Recent work elucidates that cross-encoder rerankers, even those based on models such as MiniLM, internally reconstruct classic IR heuristics (e.g., BM25 scoring mechanisms) (Lu et al., 7 Feb 2025). Transformer attention heads effectively compute soft term frequency—capturing synonymy and paraphrase effects—with built-in term saturation and document length normalization, while the embedding matrix encodes inverse document frequency in its dominant singular vector. The final scoring circuit can be approximated by:

$\text{score}(q, d) = \sum_{i} \left[ -U_0(q_i) + MS_\text{total}(q_i, d) + (-U_0(q_i) \cdot MS_\text{total}(q_i, d)) \right]$

where $U_0$ is the low-rank IDF vector, and $MS_\text{total}$ is the aggregate score over matching heads.

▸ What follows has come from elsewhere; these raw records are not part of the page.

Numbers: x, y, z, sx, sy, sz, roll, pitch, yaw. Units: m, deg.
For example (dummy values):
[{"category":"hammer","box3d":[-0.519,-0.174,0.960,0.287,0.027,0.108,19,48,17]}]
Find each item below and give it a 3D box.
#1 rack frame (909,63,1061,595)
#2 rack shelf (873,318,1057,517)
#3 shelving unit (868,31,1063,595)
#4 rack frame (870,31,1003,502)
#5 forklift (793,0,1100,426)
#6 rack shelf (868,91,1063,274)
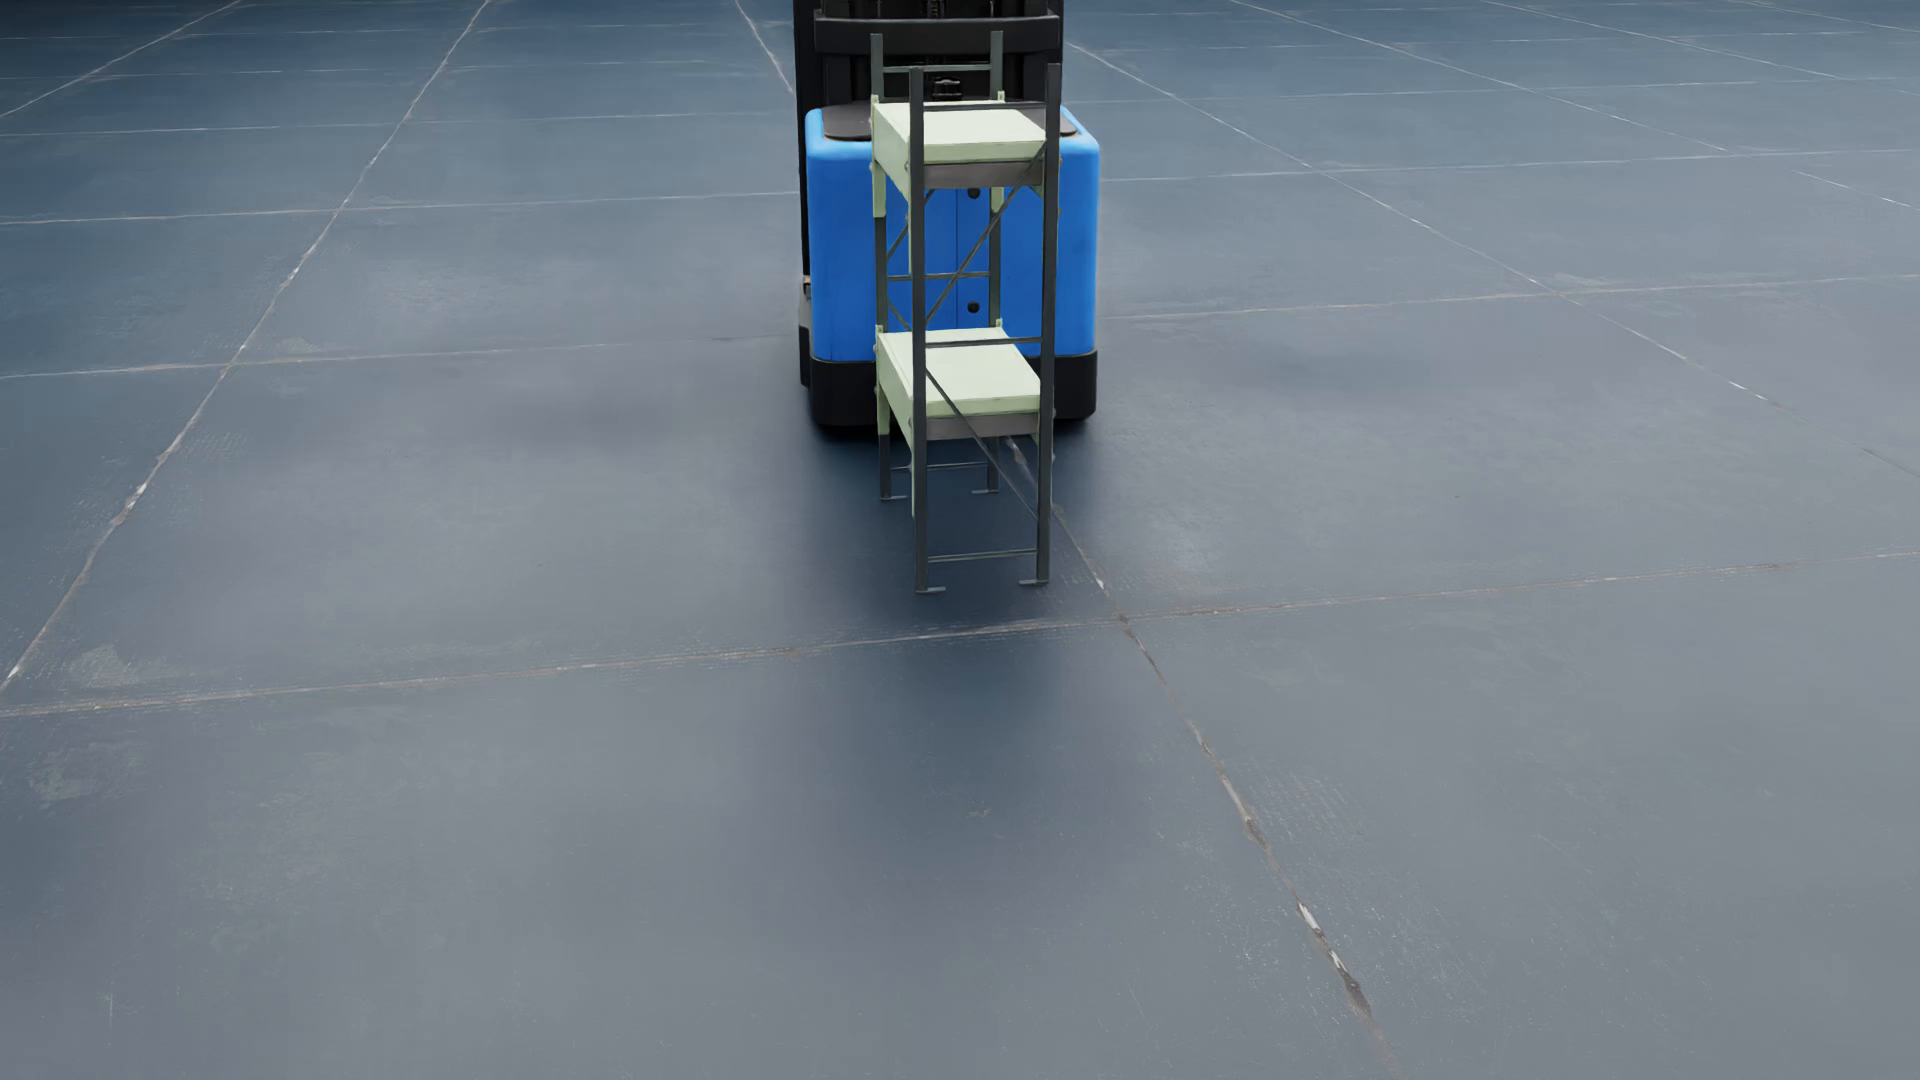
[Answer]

This mechanistic understanding supports model editing (e.g., personalization via $U_0$ manipulation), safety interventions, and scalable retraining, as core relevance signals are semantically interpretable and disentangled.

A plausible implication is that future cross-encoder designs may increasingly expose or control these internal circuits for greater transparency, robustness, and adaptability in real-world, safety-critical IR applications.

Summary Table: Key Cross-Encoder Reranking Variants and Features

Variant	Key Features	Performance/Context
Pointwise Cross-Encoder	Scores query–item pairs independently	High accuracy on standard ranking tasks; cost grows linearly with $k$
Joint/Listwise (e.g., Set-Encoder, CROSS-JEM)	Joint input encoding; inter-candidate interactions	Permutation invariance, lower latency, more effective in early-rank metrics
Parameter-Efficient	Adapters/SFTMs for modular multilinguality	Improved zero-shot/generalization, reduced retrain cost (Litschko et al., 2022)
LLM-based Listwise	Listwise zero-shot ranking via LLMs	Competitive accuracy, high cost; efficiency via single-token or windowing
CUR Decomposition	Score matrix factorization; query/item anchors	Scalable CE-based retrieval, superior recall-vs-cost for $k>10$ (Yadav et al., 2022)

Cross-encoder reranking remains a critical tool for accurate ranking and disambiguation across information retrieval, entity linking, and cross-lingual/multilingual tasks, with ongoing advances focused on computational efficiency, interpretability, and robustness across domains and languages.